Recently someone brought to my attention the safety of administering the drug Methotrexate in its oral form, which often occurs in the ward for patients with rheumatoid arthritis. It is also used to treat certain cancers as it interfere with certain quickly reproducing cells within the body such as bone marrow and skin cells.
However there seems to be some confusion on precautions with this medication. As an antimetabolite it comes under the heading of being a hazardous drug. So like most drugs, the doses and routes vary depending on the condition and course of treatment, so the dose for rheumatoid arthritis tends to be smaller and in an oral form then the dose for oncology purpose which will often be a higher dose and likely a intravenous route.
When using IV Methotrexate cytotoxic precautions are generally used, however when oral Methotrexate is used, this is where the lines become blurry. Each health care facility will have protocols on hazardous drugs and precautions, but sometimes these can also be non-specific. EviQ is a fantastic website by the Cancer Institute of NSW which goes through different protocols and has a bucket load of information for health professionals as well as offers professional education. This website is a great resource and I really recommend checking it out!

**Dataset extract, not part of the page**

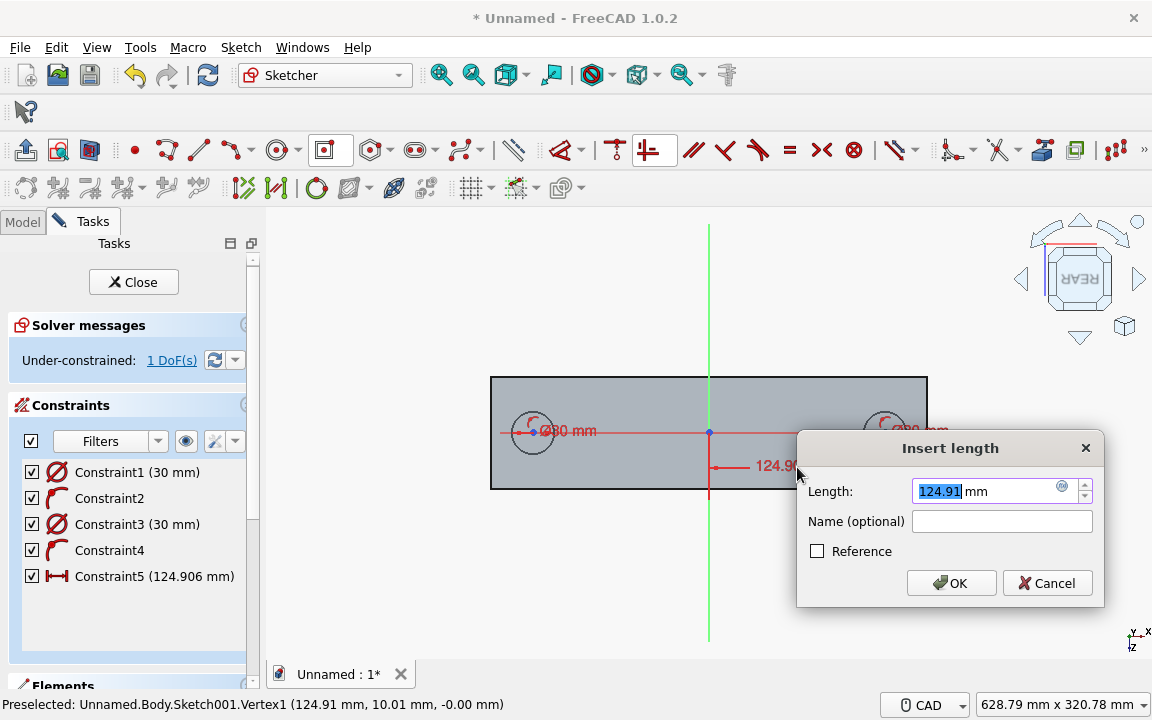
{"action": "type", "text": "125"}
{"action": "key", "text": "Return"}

Anyway, it talks about the different risks with the different formulas, and how exposure can be made 'safe' if it is for example if a tablet is coated. But if you need to crush the tablet or dissolve it... well it suddenly isn't 'safe' anymore. Oral Methotrexate can be 'film coated', which I'm assuming decreases the risk, but do we still need to apply precautions to it in it's oral form? I had a chat with a pharmacist and they recommended not touching the tablet, washing hands after administration, and to avoid if pregnant. I know some places use full precautions whilst others use none.... So which is right? I would love to hear your thoughts and what happens in your ward!